A company has 2 machines. On any day, each machine that is working has a 1/3 chance of breaking down. If a machine breaks down during the day, it is sent to a repair facility and will be working 2 days after it breaks down. Letting the state of the system be the number of machines working at the beginning of the day, formulate a transition probability matrix for this situation.
P =
[1/3, 2/3, 0, 0]
[0, 1/3, 2/3, 0]
[0, 0, 1/3, 2/3]
[0, 0, 0, 1]
To formulate a transition probability matrix for this situation, we will consider the possible states of the system and the probabilities of transitioning between these states.
In this scenario, we have two machines, and at the beginning of the day, there are three possible states:
1. State 0: Both machines are broken.
2. State 1: One machine is working, and the other is broken.
3. State 2: Both machines are working.
Now, let's calculate the probabilities of transitioning between these states:
1. From State 0:
- The probability of staying in State 0 is (1/3) * (1/3) = 1/9. This means that both machines may break down again during the day.
- The probability of transitioning to State 1 is (1/3) * (2/3) = 2/9. This occurs when one machine starts working again.
2. From State 1:
- The probability of transitioning to State 0 is (1/3) * (2/3) = 2/9. This happens when the working machine breaks down.
- The probability of staying in State 1 is (1/3) * (1/3) = 1/9. This means that the broken machine remains broken.
- The probability of transitioning to State 2 is (2/3) * (2/3) = 4/9. This occurs when the broken machine gets repaired.
3. From State 2:
- The probability of transitioning to State 1 is (2/3) * (1/3) = 2/9. This happens when one machine breaks down.
- The probability of staying in State 2 is (2/3) * (2/3) = 4/9. Both machines continue to work.
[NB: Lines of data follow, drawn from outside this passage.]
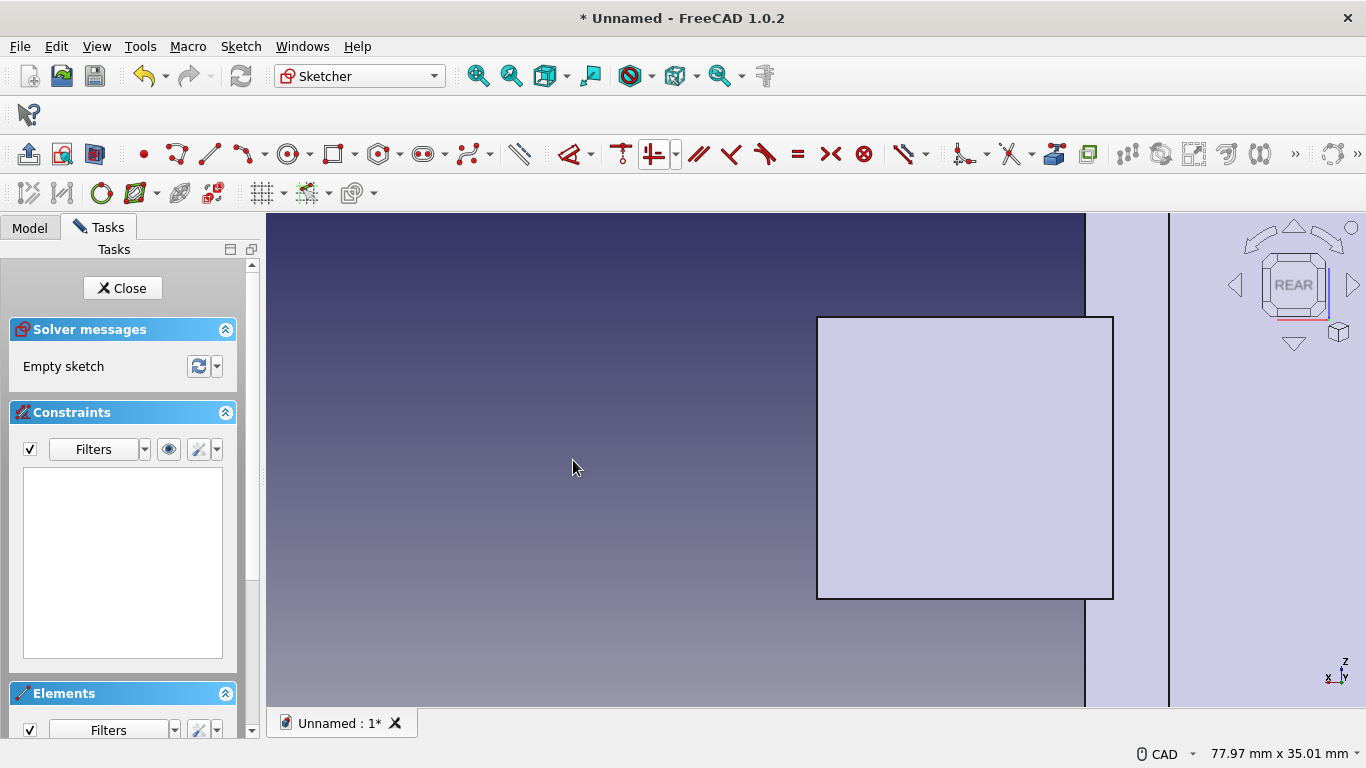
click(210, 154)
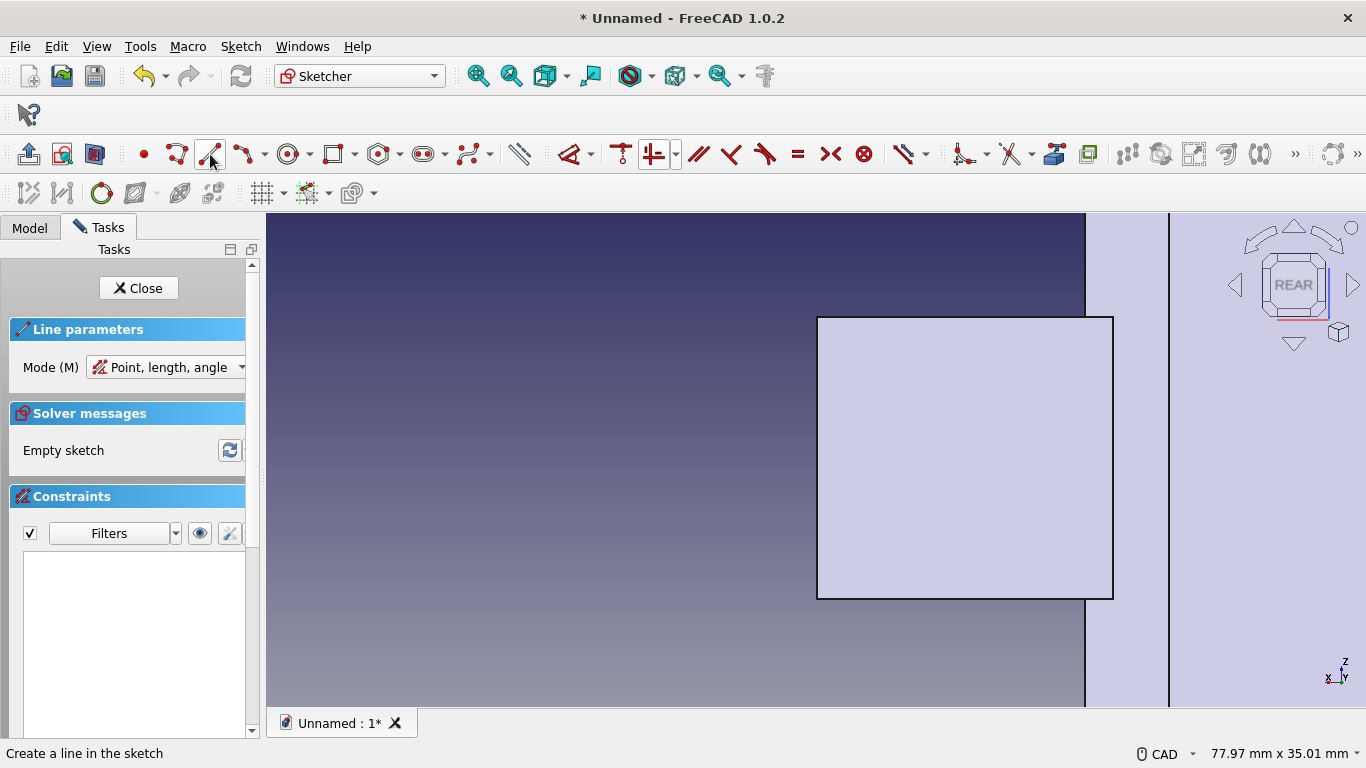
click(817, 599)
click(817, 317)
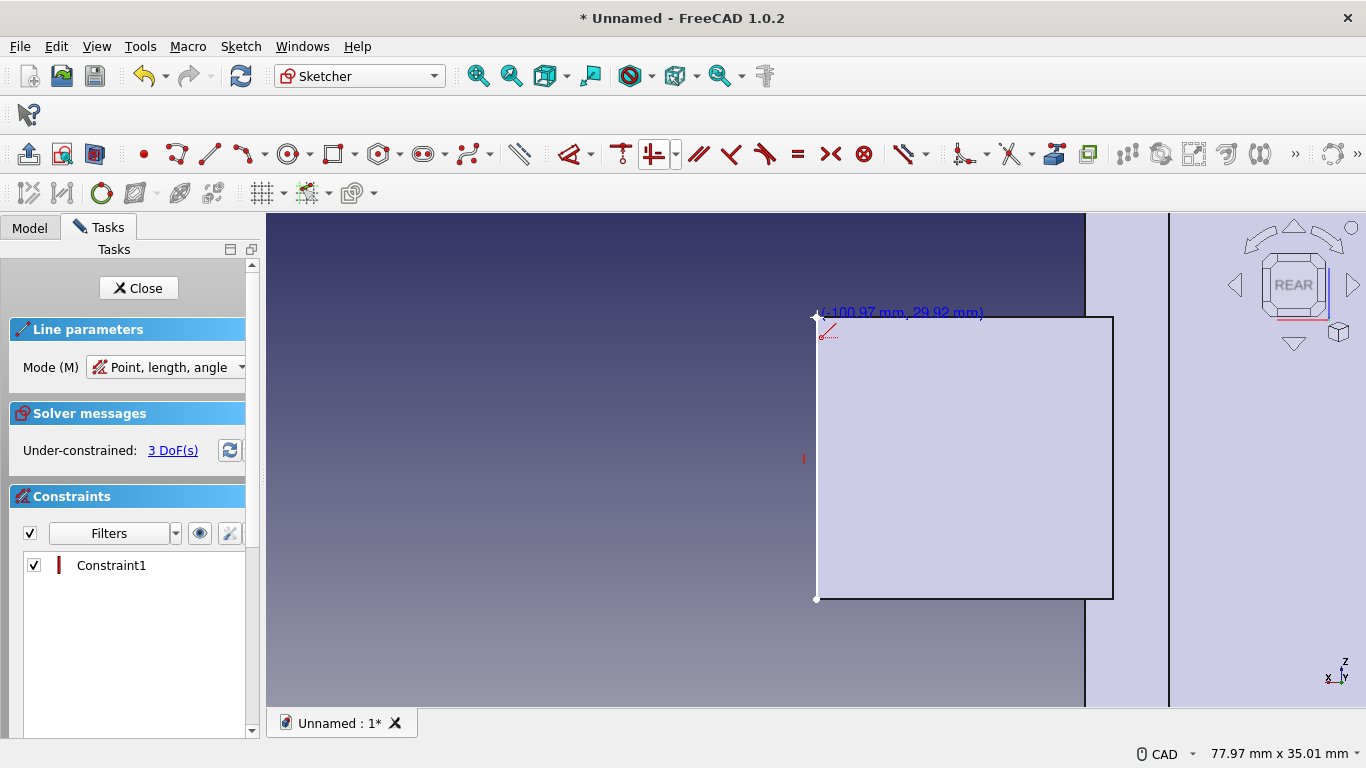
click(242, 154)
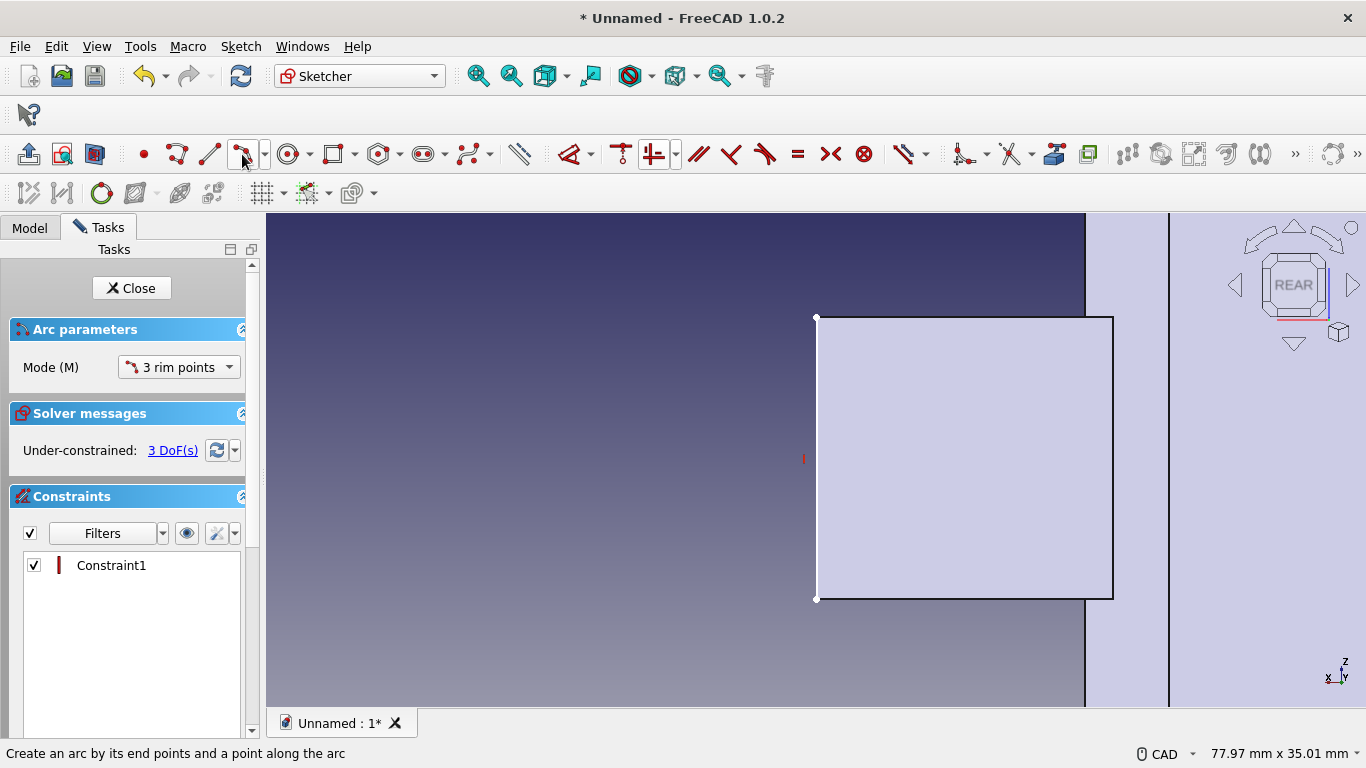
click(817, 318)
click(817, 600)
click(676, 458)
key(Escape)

Now, we can construct the transition probability matrix:
[ P(0→0) P(0→1) P(0→2) ]
[ ]
[ P(1→0) P(1→1) P(1→2) ]
[ ]
[ P(2→0) P(2→1) P(2→2) ]
Substituting the calculated probabilities:
[ 1/9 2/9 0 ]
[ ]
[ 2/9 1/9 4/9 ]
[ ]
[ 0 2/9 4/9 ]
This is the transition probability matrix for the given situation. Each element in the matrix represents the probability of transitioning from one state to another.
To formulate a transition probability matrix for this situation, we need to consider the possible states of the system and the probabilities of transitioning between these states.
In this case, the possible states of the system are:
1. Both machines working (state 0)
2. One machine working (state 1)
3. Both machines broken (state 2)
Given that each machine has a 1/3 chance of breaking down on any day, we can determine the probabilities of transitioning between these states.
For state 0:
- There is a 1/3 chance that both machines will break down: P(0 → 2) = 1/3
- There is a 2/3 chance that both machines will continue working: P(0 → 0) = 2/3
For state 1:
- There is a 1/3 chance that the remaining working machine will break down: P(1 → 2) = 1/3
- There is a 2/3 chance that the other machine will be repaired and both machines will be working: P(1 → 0) = 2/3
For state 2:
- Both machines are not working, so they need to be repaired. After 2 days, both machines will be working again: P(2 → 0) = 1
Therefore, the transition probability matrix for this situation is:
| 0 1 2
——————————
0 | 2/3 0 1/3
1 | 2/3 0 1/3
2 | 1 0 0
In this matrix, each row represents the current state, and each column represents the next state. The values in the matrix represent the probabilities of transitioning from the current state to the next state.